How Doctors Could Be Like Wall Street Banks

Partner content from Kaiser Health News

What do doctors and dentists have in common with Wall Street lenders? Maybe more than you think.

Piggy bank, dollars and stethoscope. i i

Doctors worry they could be considered lenders by allowing patients to pay over time. iStockphoto.com hide caption

itoggle caption iStockphoto.com
Piggy bank, dollars and stethoscope.

Doctors worry they could be considered lenders by allowing patients to pay over time.

iStockphoto.com

Health professionals worry they could be regulated like bankers under financial overhaul legislation that aims to clamp down on lending abuses.

One provision of a bill pending in Congress would give broad oversight to a new regulatory agency — the Consumer Financial Protection Agency — to make sure banks and other financial institutions don’t extend credit inappropriately.

That's where doctors, dentists and other health care providers start getting a little nervous.

Say you're an orthodontist and you'll let the Smiths pay Johnny's $5,000 braces' tab on the installment plan.
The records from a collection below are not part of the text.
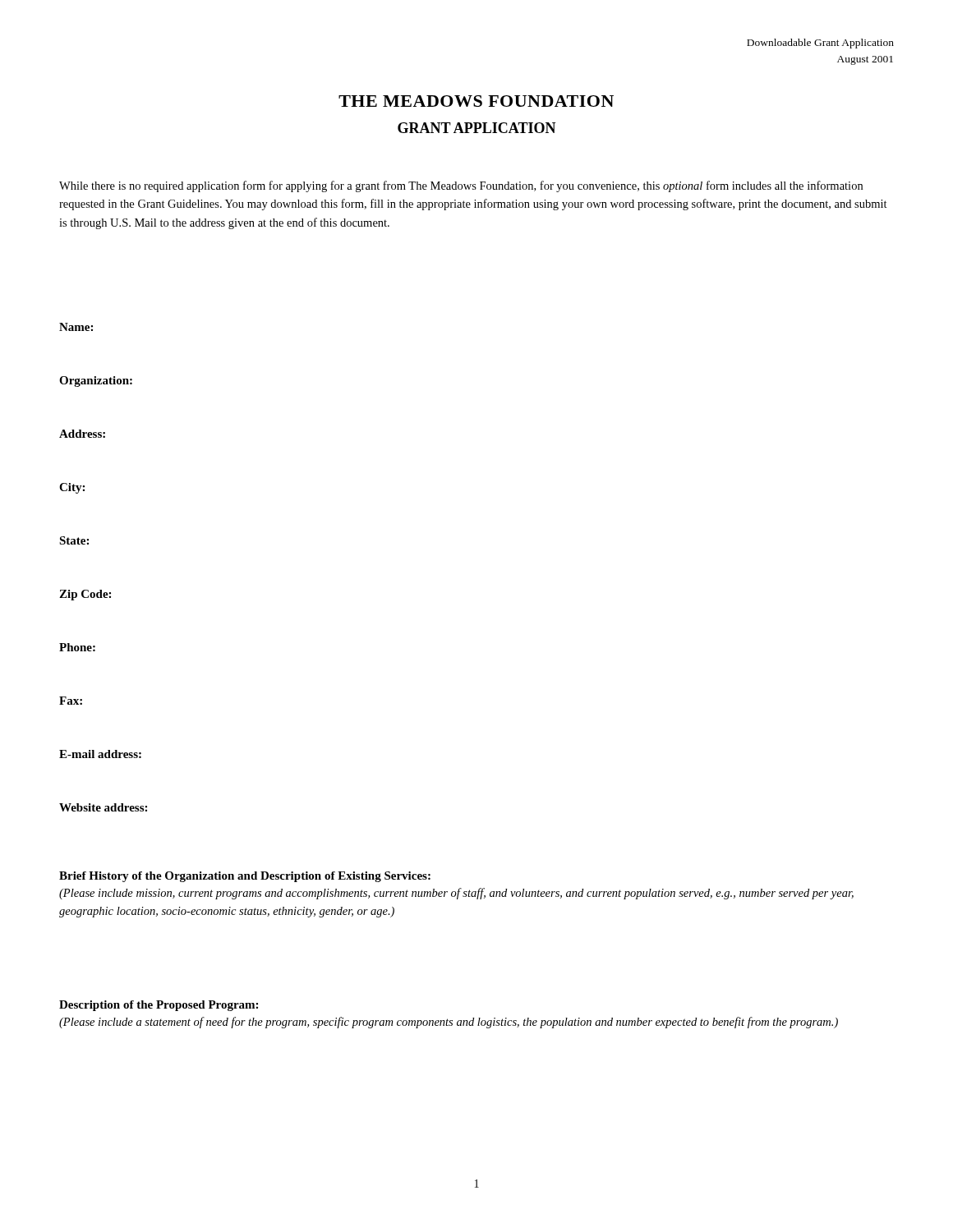Click the section header that begins "Brief History of"
953x1232 pixels.
(x=476, y=895)
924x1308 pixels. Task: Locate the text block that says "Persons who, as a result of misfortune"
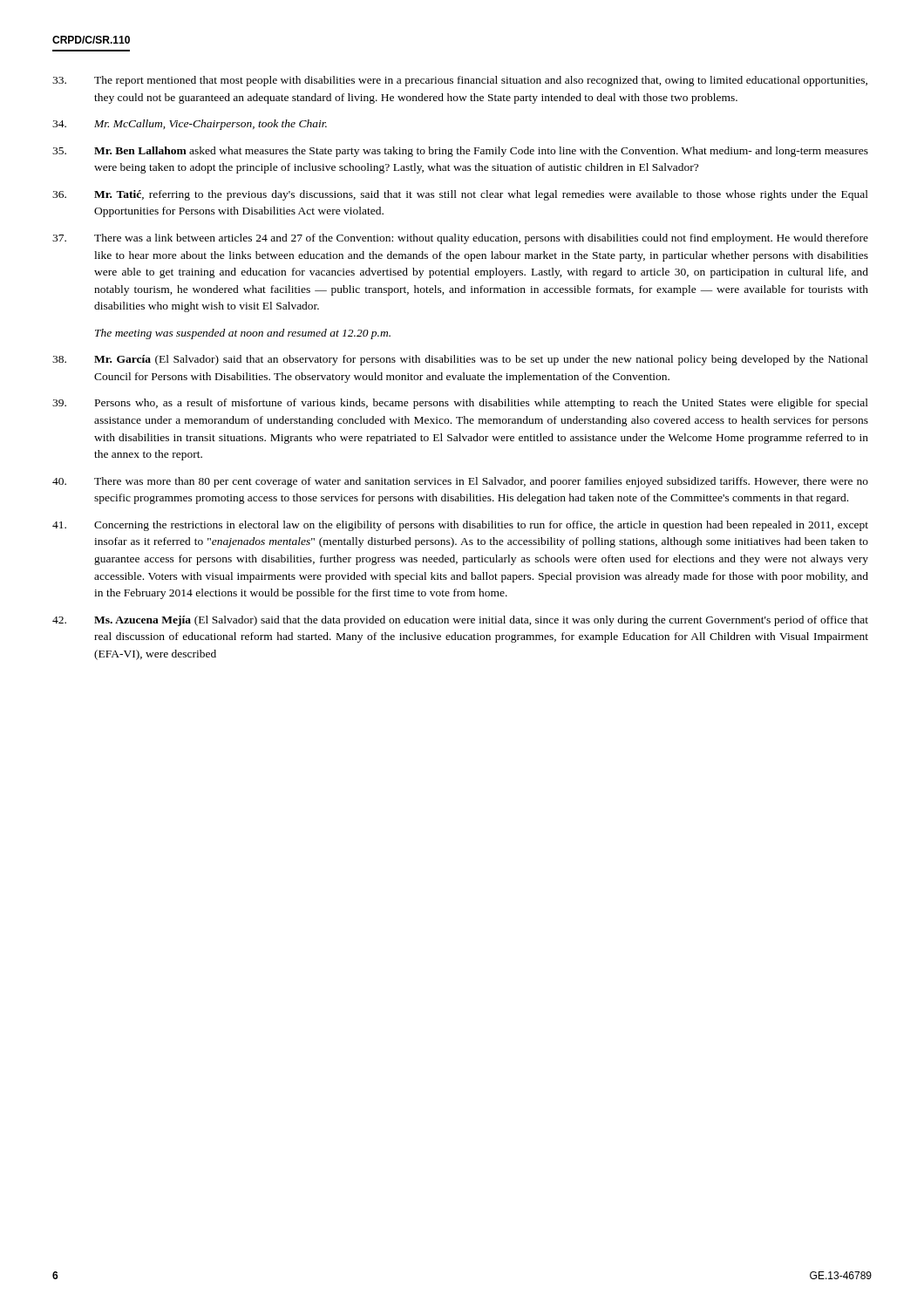tap(460, 429)
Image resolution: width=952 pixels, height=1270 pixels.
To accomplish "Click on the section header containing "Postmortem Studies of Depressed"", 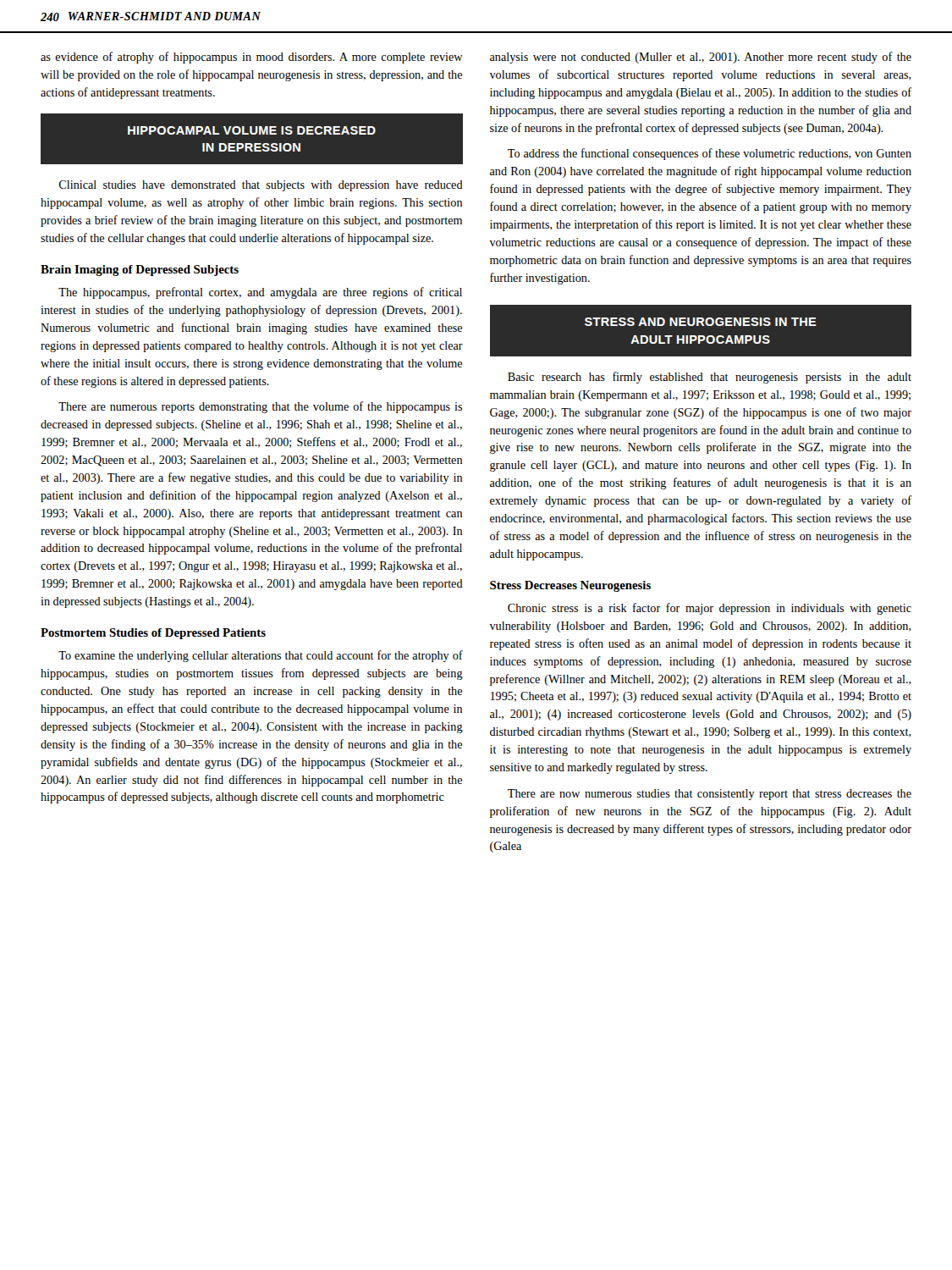I will pyautogui.click(x=153, y=632).
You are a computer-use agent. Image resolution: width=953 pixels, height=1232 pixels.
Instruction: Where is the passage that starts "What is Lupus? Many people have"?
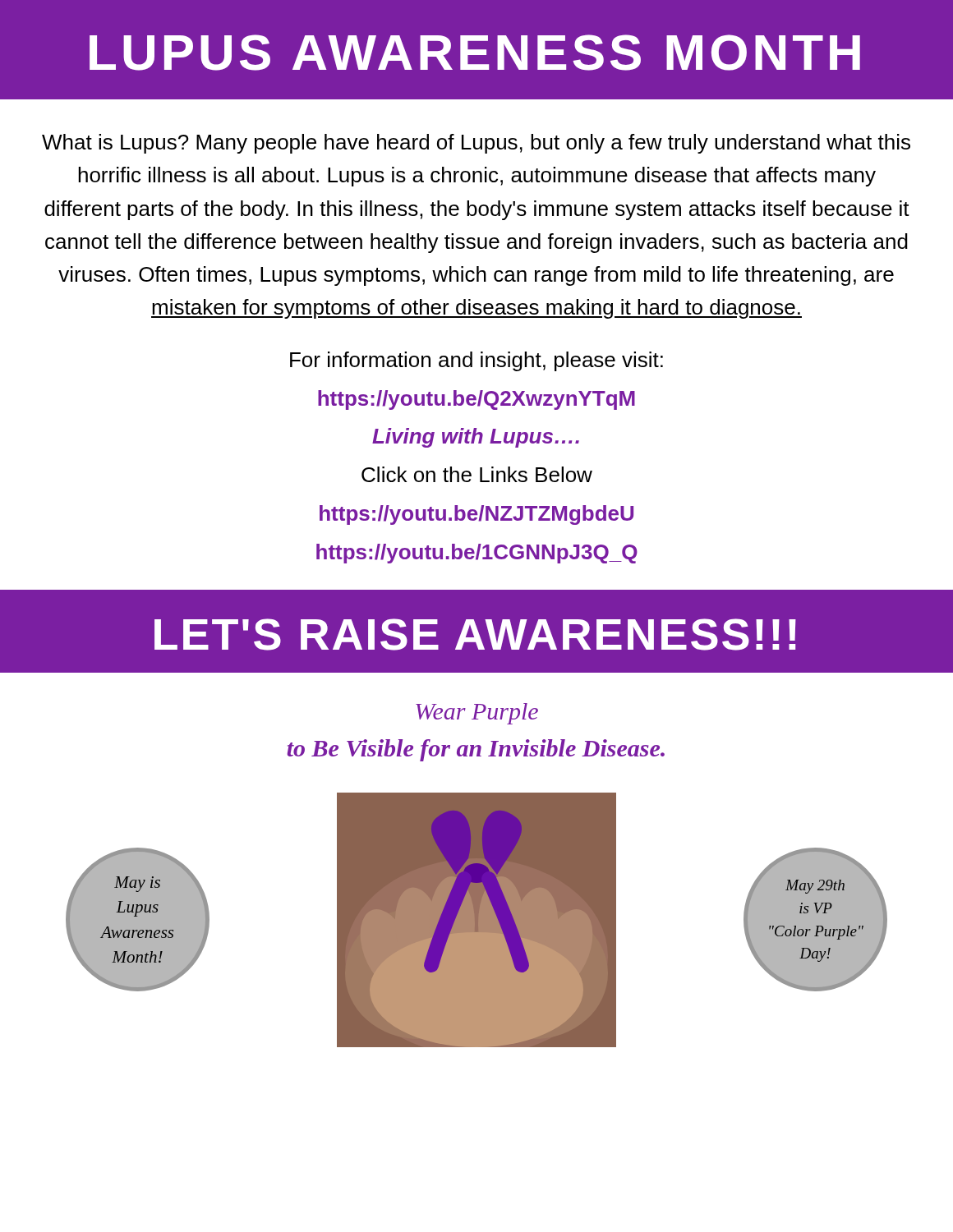point(476,225)

Technically, you might be seen as a lender. And that label, some health care provider worry, might make them subject to the new consumer agency’s regulations.

Physicians and dentists see paperwork ahead — and lots of it. Michael Graham, managing director of government affairs for the American Dental Association, says that it's not clear yet how bad things might be because the regulations haven't been written. But, one thing's for sure, complying would cost money.

As currently drafted, the bill would exempt sellers of nonfinancial goods and those not "engaged significantly" in lending. So the measure’s supporters say the bill doesn't apply to health care practitioners.

The American Dental Association, the American Medical Association and other some other groups maintain that because the legislation doesn't define "significantly,” their members could eventually find themselves under CFPA’s watchful eye.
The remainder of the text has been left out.